The certgen tool cannot generate a certificate that is automatically trusted in your web browser or by curl.

This gets into the other part of how certificates work - trust.

One of the features of SSL/TLS is trusting that, when you connect to a server that claims to be xxx.yy.z, that it really is that server and you haven't been sneakily directed off somewhere else.

Within an elasticsearch cluster, we can facilitate that trust network by using the ca.crt file. That CA has signed every one of the certificates in your zip file, and it hasn't signed anything else (because certgen just invented it) so trusting that CA causes your cluster to trust exactly the set of certificates you generated. (*)

(*) Assuming you keep the ca.key locked away. If you pass that around then anyone who gets it can use it to sign anything they want and use that to join your cluster.

We can do that because the cluster is a closed system and we control every part of it. So it doesn't care what the rest of the world is doing, it just has its own little trust network.

General purpose web agents (such as your desktop browser, and curl) are not part of that trust network. They don't trust your new ca.crt (and why should they - you generated by running a tool that anyone in the world could download and run).

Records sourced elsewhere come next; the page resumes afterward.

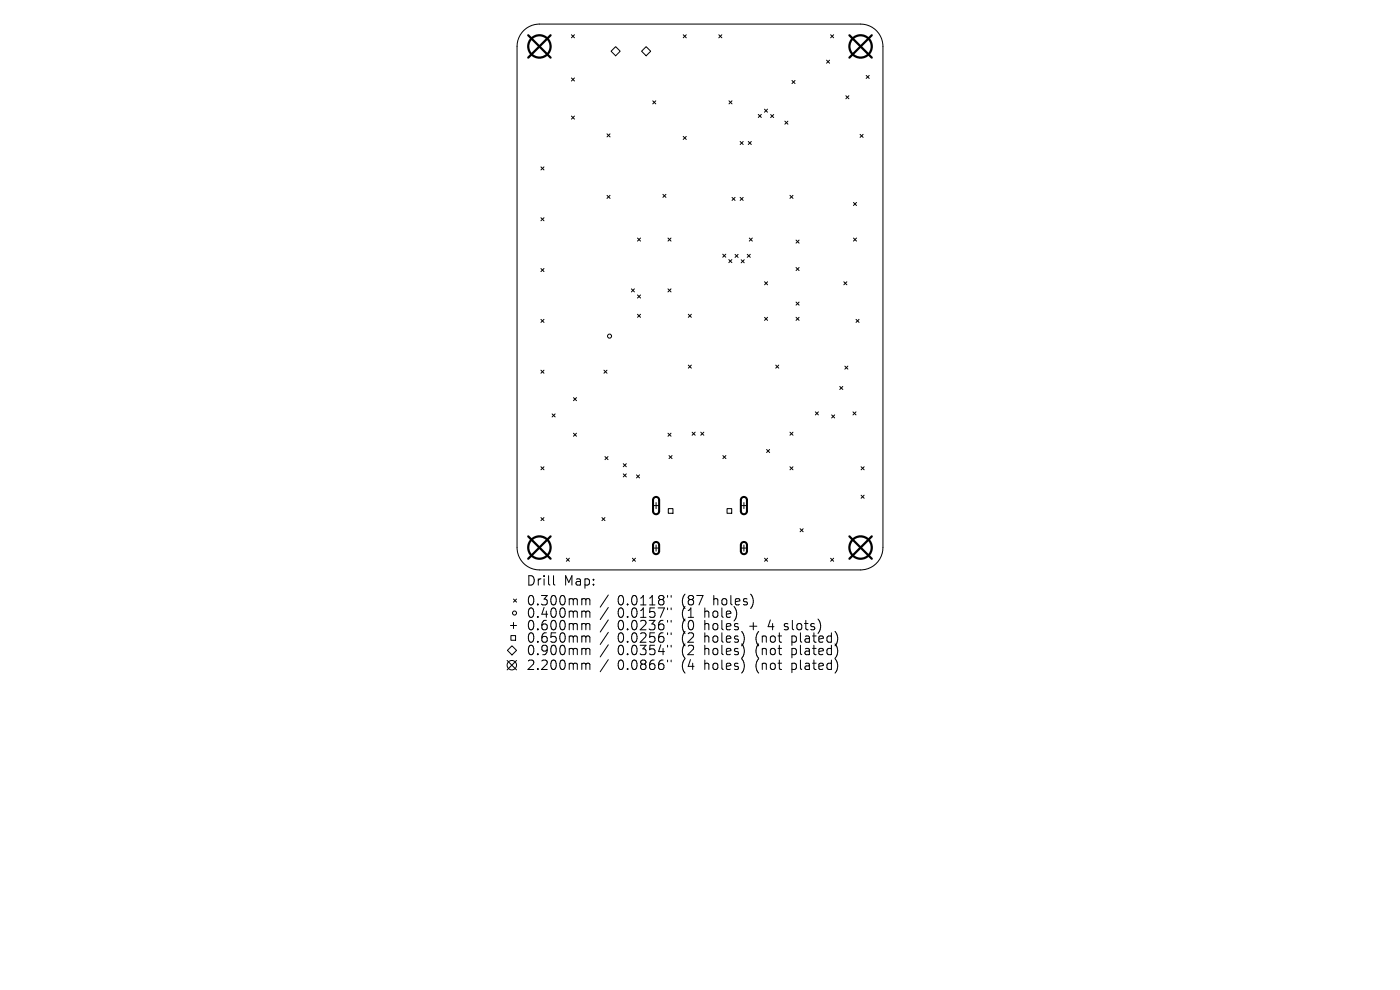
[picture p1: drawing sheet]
<svg xmlns="http://www.w3.org/2000/svg" width="297mm" height="210mm" viewBox="0 0 297 210" stroke-linecap="round" stroke-linejoin="round" font-family="sans-serif">
<defs><g id="words">
<g font-size="2.8">
<text x="111.6" y="124.5">Drill</text>
<text x="119.6" y="124.5">Map:</text>
<text x="111.6" y="128.7">0.300mm</text>
<text x="111.6" y="131.3">0.400mm</text>
<text x="131" y="128.7">0.0118&quot;</text>
<text x="131" y="131.3">0.0157&quot;</text>
<text x="144.8" y="128.7">(87</text>
<text x="144.8" y="131.3">(1</text>
<text x="149.7" y="131.3">hole)</text>
<text x="151.6" y="128.7">holes)</text>
<text x="111.6" y="134">0.600mm</text>
<text x="111.6" y="136.6">0.650mm</text>
<text x="131" y="134">0.0236&quot;</text>
<text x="131" y="136.6">0.0256&quot;</text>
<text x="144.8" y="134">(0</text>
<text x="144.8" y="136.6">(2</text>
<text x="149.7" y="134">holes</text>
<text x="149.7" y="136.6">holes)</text>
<text x="159.4" y="134">+</text>
<text x="160.8" y="136.6">(not</text>
<text x="163.6" y="134">4</text>
<text x="167.3" y="134">slots)</text>
<text x="168.6" y="136.6">plated)</text>
<text x="111.6" y="139.3">0.900mm</text>
<text x="111.6" y="142.4">2.200mm</text>
<text x="131" y="139.3">0.0354&quot;</text>
<text x="131" y="142.4">0.0866&quot;</text>
<text x="144.8" y="139.3">(2</text>
<text x="144.8" y="142.4">(4</text>
<text x="149.7" y="139.3">holes)</text>
<text x="149.7" y="142.4">holes)</text>
<text x="160.8" y="139.3">(not</text>
<text x="160.8" y="142.4">(not</text>
<text x="168.6" y="139.3">plated)</text>
<text x="168.6" y="142.4">plated)</text>
</g>
</g></defs>
<path d="M111.2 6.4a4.7 4.7 0 0 1 3.2-1.3h68.2a4.7 4.7 0 0 1 4.7 4.8v106.3a4.7 4.7 0 0 1-4.7 4.7h-68.2a4.7 4.7 0 0 1-4.7-4.7v-106.3a4.7 4.7 0 0 1 1.5-3.5z" fill="none" stroke="#000" stroke-width=".22"/>
<g fill="none" stroke="#000" stroke-width=".21">
<path d="M121.2 7.4l.7 .6M121.2 16.5l.7 .7M121.9 7.4l-.7 .6M121.9 16.5l-.7 .7M129.6 10.9l1-1 1 1-1 .9zM136.1 10.9l1-1 .9 1-.9 .9zM144.9 7.4l.7 .6M145.6 7.4l-.7 .6M152.5 7.4l.6 .6M153.1 7.4l-.6 .6M168 17.1l.7 .6M168.7 17.1l-.7 .6"/>
<path d="M175.3 12.8l.7 .6M176 12.8l-.7 .6M176.2 7.4l.7 .6M176.9 7.4l-.7 .6M183.8 16l.6 .6M184.4 16l-.6 .6M114.8 35.4l.6 .6M115.4 35.4l-.6 .6M121.2 24.6l.7 .7M121.9 24.6l-.7 .7M128.8 28.4l.6 .6M129.4 28.4l-.6 .6"/>
<path d="M138.5 21.4l.6 .6M139.1 21.4l-.6 .6M144.9 28.9l.7 .7M145.6 28.9l-.7 .7M154.6 21.4l.7 .6M155.3 21.4l-.7 .6M157 30l.7 .7M157.7 30l-.7 .7M158.7 30l.7 .7M159.4 30l-.7 .7M160.9 24.3l.6 .6M161.5 24.3l-.6 .6"/>
<path d="M162.2 23.2l.6 .6M162.8 23.2l-.6 .6M163.5 24.3l.6 .6M164.1 24.3l-.6 .6M166.5 25.7l.7 .6M167.2 25.7l-.7 .6M179.4 20.3l.7 .7M180.1 20.3l-.7 .7M182.5 28.5l.6 .6M183.1 28.5l-.6 .6M114.8 46.2l.6 .6M114.8 57l.6 .6"/>
<path d="M115.4 46.2l-.6 .6M115.4 57l-.6 .6M128.8 41.4l.6 .7M129.4 41.4l-.6 .7M135.2 50.5l.7 .6M135.9 50.5l-.7 .6M140.6 41.2l.7 .7M141.3 41.2l-.7 .7M141.7 50.5l.7 .6M142.4 50.5l-.7 .6M153.3 53.9l.7 .7M154 53.9l-.7 .7"/>
<path d="M154.6 55.1l.7 .6M155.3 55.1l-.7 .6M155.3 41.9l.6 .6M155.9 54l.7 .6M155.9 41.9l-.6 .6M156.6 54l-.7 .6M157 41.9l.7 .6M157.2 55.1l.7 .6M157.7 41.9l-.7 .6M157.9 55.1l-.7 .6M158.5 53.9l.7 .7M159 50.5l.6 .6"/>
<path d="M159.2 53.9l-.7 .7M159.6 50.5l-.6 .6M162.2 59.8l.6 .6M162.8 59.8l-.6 .6M167.6 41.4l.6 .7M168.2 41.4l-.6 .7M168.9 50.9l.6 .7M168.9 56.7l.6 .7M169.5 50.9l-.6 .7M169.5 56.7l-.6 .7M179 59.8l.7 .6M179.7 59.8l-.7 .6"/>
<path d="M181.1 42.9l.6 .7M181.1 50.5l.6 .6M181.7 42.9l-.6 .7M181.7 50.5l-.6 .6M114.8 67.7l.6 .7M114.8 78.5l.6 .7M115.4 67.7l-.6 .7M115.4 78.5l-.6 .7M128.1 78.5l.7 .7M128.8 78.5l-.7 .7M133.9 61.3l.7 .6M134.6 61.3l-.7 .6"/>
<path d="M135.2 66.7l.7 .6M135.2 62.6l.7 .6M135.9 66.7l-.7 .6M135.9 62.6l-.7 .6M141.7 61.3l.7 .6M142.4 61.3l-.7 .6M146 77.4l.7 .7M146 66.7l.7 .6M146.7 66.7l-.7 .6M146.7 77.4l-.7 .7M162.2 67.3l.6 .7M162.8 67.3l-.6 .7"/>
<path d="M164.6 77.4l.6 .7M165.2 77.4l-.6 .7M168.9 64.1l.6 .6M168.9 67.3l.6 .7M169.5 64.1l-.6 .6M169.5 67.3l-.6 .7M179.2 77.7l.7 .6M179.9 77.7l-.7 .6M181.6 67.7l.6 .7M182.2 67.7l-.6 .7M114.8 99l.6 .7M115.4 99l-.6 .7"/>
<path d="M117.1 87.8l.7 .6M117.8 87.8l-.7 .6M121.7 84.3l.6 .7M121.7 91.9l.6 .6M122.3 84.3l-.6 .7M122.3 91.9l-.6 .6M128.3 96.9l.7 .6M129 96.9l-.7 .6M132.2 98.4l.7 .6M132.9 98.4l-.7 .6M141.7 91.9l.7 .6M141.9 96.6l.7 .7"/>
<path d="M142.4 91.9l-.7 .6M142.6 96.6l-.7 .7M146.8 91.7l.7 .6M147.5 91.7l-.7 .6M148.7 91.7l.6 .6M149.3 91.7l-.6 .6M153.4 96.6l.6 .7M154 96.6l-.6 .7M162.6 95.3l.7 .7M163.3 95.3l-.7 .7M167.6 91.7l.6 .6M167.6 99l.6 .7"/>
<path d="M168.2 91.7l-.6 .6M168.2 99l-.6 .7M173 87.4l.6 .6M173.6 87.4l-.6 .6M176.4 88l.7 .7M177.1 88l-.7 .7M178.1 82l.7 .6M178.8 82l-.7 .6M181 87.4l.6 .6M181.6 87.4l-.6 .6M182.7 99l.6 .7M183.3 99l-.6 .7"/>
<path d="M114.8 109.8l.6 .6M115.4 109.8l-.6 .6M120.1 118.4l.7 .7M120.8 118.4l-.7 .7M127.7 109.8l.6 .6M128.3 109.8l-.6 .6M132.2 100.5l.7 .7M132.9 100.5l-.7 .7M134.2 118.4l.6 .7M134.8 118.4l-.6 .7M135 100.7l.7 .7M135.7 100.7l-.7 .7"/>
<path d="M138.5 107.2h1.3M138.5 116.3h1.3M139.2 106.6v1.3M139.2 115.6v1.3M141.8 107.9h1v1h-1zM154.2 107.9h1v1h-1zM157.2 107.2h1.3M157.2 116.3h1.3M157.8 106.6v1.3M157.8 115.6v1.3M162.2 118.4l.6 .7M162.8 118.4l-.6 .7"/>
<path d="M169.7 112.2l.7 .6M170.4 112.2l-.7 .6M176.2 118.4l.7 .7M176.9 118.4l-.7 .7M182.7 105l.6 .7M183.3 105l-.6 .7M107.6 138l1-1 1 1-1 .9zM108.3 132.7h1.3M108.4 134.8h1v1h-1zM108.9 127.1l.7 .6M108.9 132v1.3M109.6 127.1l-.7 .6"/>
<path d="M117.4 122.1v1.7l.3 .3M123.7 127l.5 .1 .1 .2M123.7 129.6h.3l.3 .3M123.7 132.3h.3l.3 .3M123.7 134.9h.3l.3 .3M123.7 137.5l.5 .1 .1 .2M124.3 127.3l.3-.3 .4 .1 .1 1.2M124.3 127.3v1M124.3 129.9v1.1M124.3 132.6v1M124.3 135.2v1M124.3 137.8v1.1"/>
<path d="M124.3 129.9l.3-.3 .4 .1 .1 1.3M124.3 132.6l.3-.3 .4 .1 .1 1.2M124.3 135.2l.3-.3 .4 .1 .1 1.2M124.3 137.8l.3-.3 .4 .1 .1 1.3M129 126.2l-1.7 2.6M129 128.9l-1.7 2.5M129 131.5l-1.7 2.6M129 134.1l-1.7 2.6M129 136.8l-1.7 2.6M129 139.9l-1.7 2.6M141.6 126.3v.4M141.6 129v.3"/>
<path d="M141.6 131.6v.4M141.6 134.2v.4M141.6 136.9v.4M142.4 126.3v.4M142.4 129v.3M142.4 131.6v.4M142.4 134.2v.4M142.4 136.9v.4M166.4 133.5l.2 .1M166.5 132.4v.4M107.6 140.1l2 2M109.6 140.1l-2 2"/>
<path d="M123.7 140.7l.5 .1 .1 .2M124.3 141v1M124.3 141l.3-.3 .4 .1 .1 1.2M141.6 140v.4M142.4 140v.4"/>
<circle cx="129.3" cy="71.3" r=".43"/>
<circle cx="109.2" cy="130" r=".43"/>
<circle cx="108.6" cy="141.1" r="1"/>
</g>
<path d="M138.7 105.6l.7-.2 .4 .5v2.6l-.2 .4-.3 .2-.5-.1-.3-.5v-2.5zM138.7 115.2l.7-.2 .4 .4v1.6l-.4 .5h-.5l-.3-.4-.1-1.5zM157.4 105.6l.6-.2 .5 .5v2.6l-.2 .4-.4 .2-.5-.1-.2-.5v-2.5zM157.4 115.2l.6-.2 .4 .4 .1 1.6-.5 .5h-.5l-.3-.4v-1.5z" fill="none" stroke="#000" stroke-width=".43"/>
<g fill="none" stroke="#000" stroke-width=".47">
<path d="M112.1 7.5l4.7 4.7M116.8 7.5l-4.7 4.7M180.2 7.5l4.7 4.7M184.9 7.5l-4.7 4.7M112.1 113.8l4.7 4.7M116.8 113.8l-4.7 4.7M180.2 113.8l4.7 4.7M184.9 113.8l-4.7 4.7"/>
<circle cx="114.4" cy="9.9" r="2.37"/>
<circle cx="182.6" cy="9.9" r="2.37"/>
<circle cx="114.4" cy="116.2" r="2.37"/>
<circle cx="182.6" cy="116.2" r="2.37"/>
</g>
<use href="#words"/>
</svg>

To put it another way, I can go and replicate all the steps you took and generate my own ca.crt and nn775 certificate pair and run my own node that claims to be your nn775 instance. Your browser needs to be able to tell which one of us is legitimate, and nothing in the process so far has done that.

Your choices are:

  • Tell your browsers to be insecure. They just trust that any server is who the claim to be. Not a great idea, but it works OK for local testing. You can pass the --insecure option to curl for this.
  • Teach your browsers to trust your newly generated CA. For curl you can use the --cacert or --capath options. For you desktop browser you will need to load the CA cert into the trusted certificate authorities. That process varies by browser and operating system, and there are security implications to consider. Since I don't know your local environment I can't really offer much more advice there.
  • Get your certificates signed by a trusted CA. A commercial CA isn't going to sign a certificate for nn775 because that's not a full domain name, and there's nothing in the name to distinguish your nn775 server from my nn775 server. Your organisation might have an internal CA that it uses for this purpose. Most large companies do.

also my kibana is accessing data and management no problem, kibana logs look like there are interacting with elastic data correctly.

Still getting the insecure error in the web browser and curl commands using the https://

site cant be trusted... error

This topic was automatically closed 28 days after the last reply. New replies are no longer allowed.